To use E-MapReduce (EMR), you must select appropriate clusters. When you select configurations for EMR clusters, you must consider the use of big data in your enterprise and your financial budget, and estimate the amount of data and the reliability of services that you require.
Big data scenarios
The following table describes the use scenarios and core services of different types of EMR clusters.
The services displayed in the EMR console prevail for different types of EMR clusters.
Cluster type | Use scenario | Core service |
DataLake | DataLake clusters use the Hive and Spark services to compute and analyze offline data in data lake scenarios. Data lake formats, such as Delta Lake, Hudi, and Iceberg, are supported. | HDFS, YARN, Hive, Spark, Presto, Impala, JindoData, Delta Lake, Hudi, Iceberg, OpenLDAP, Knox, and Kyuubi |
Dataflow | Dataflow clusters are used for real-time data processing. The core service of a Dataflow cluster is Flink, which is an enterprise-level big data computing platform provided by Alibaba Cloud based on Apache Flink and EMR Hadoop. Kafka provides a comprehensive service monitoring system and a metadata management mechanism. The Kafka service applies to scenarios such as log collection and monitoring data aggregation and can be used for offline data processing, stream computing, and real-time data analysis. | Flink, Kafka, and YARN |
OLAP | Online analytical processing (OLAP) clusters are used for data analysis. The core service of an OLAP cluster is ClickHouse, which is an open source column-oriented database management system (DBMS) for OLAP. ClickHouse is more lightweight than Hadoop and Spark. ClickHouse supports linear scaling and is convenient, highly reliable, and fault-tolerant. StarRocks is an open source massively parallel processing (MPP) database for OLAP. StarRocks can respond to query requests for data in sub-seconds and join multiple tables. | ClickHouse, StarRocks, and ZooKeeper |
DataServing | DataServing clusters are more flexible, reliable, and efficient than other types of clusters. DataServing clusters provide the HBase service and are separated from data storage based on OSS-HDFS (JindoFS). In addition, data is cached by using JindoData to improve the read and write performance of DataServing clusters. | HBase, ZooKeeper, and JindoData |
EMR nodes
An EMR cluster consists of three types of nodes: master, core, and task nodes. For more information, see Node categories.

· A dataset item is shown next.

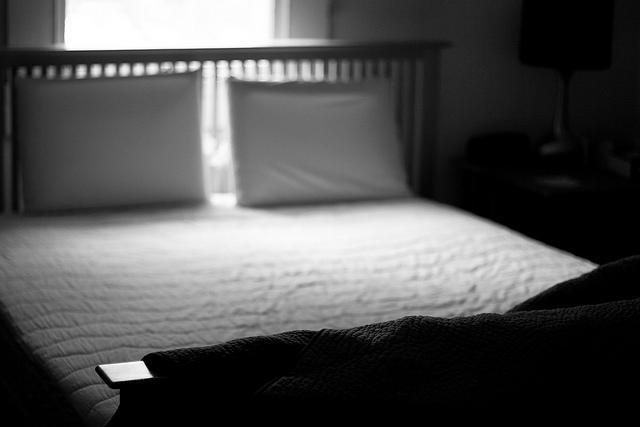How many pillows are on the bed?
Give a very brief answer. 2.

You can select ultra disks, local disks, standard SSDs, or local SSDs for EMR storage. These disks are ranked in descending order of performance: local SSDs > standard SSDs > local disks > ultra disks.
EMR underlying storage supports OSS (OSS Standard storage only) and HDFS. OSS has a higher data availability than HDFS. The data availability of OSS is 99.99999999%, while the data availability of HDFS depends on the reliability of cloud disk or local disk storage. Before you use EMR to compute data, you must restore the data that is stored to OSS Archive or Cold Archive storage. Then, you can store the data to OSS Standard storage.
Storage prices:
For information about the billing of disks, visit the Pricing tab on the Elastic Compute Service product page.
Select configurations for EMR
Select master node configurations.
Master nodes are used to deploy the master processes of Hadoop, such as NameNode and ResourceManager.
EMR components such as HDFS, YARN, Hive, and HBase use the high availability architecture. When you create a production cluster, we recommend that you enable high availability. If you do not enable high availability when you create an EMR cluster, you cannot enable high availability after you create the cluster.
Master nodes are used to store HDFS metadata and component log files. These nodes are compute-intensive with low disk I/O requirements. HDFS metadata is stored in memory. The minimum recommended memory size is 16 GB based on the number of files.
Select core node configurations.
The difference between core nodes and task nodes is that core nodes can run both the DataNode and NodeManager processes. We recommend that you store data to OSS or OSS-HDFS. HDFS in a cluster is used only as a temporary storage for distribution of YARN tasks. You can select a general-purpose Elastic Compute Service (ECS) instance type that uses cloud disks as the configuration of a core node. For example, you can select ecs.g7.4xlarge as the node type and set the data disk size to 100GB * 4 Disks.
Select task node configurations.
Task nodes are used when the computing capabilities of vCPUs and the memory of core nodes are insufficient. Task nodes do not store data or run DataNode. You can estimate the number of task nodes based on your vCPU and memory requirements.
EMR lifecycle
EMR supports auto scaling. You can scale out a cluster in an efficient and flexible manner. You can also upgrade the configurations of ECS instances in a cluster based on your business requirements.
Select a zone
To ensure high efficiency, we recommend that you deploy EMR and your business system in the same zone of the same region.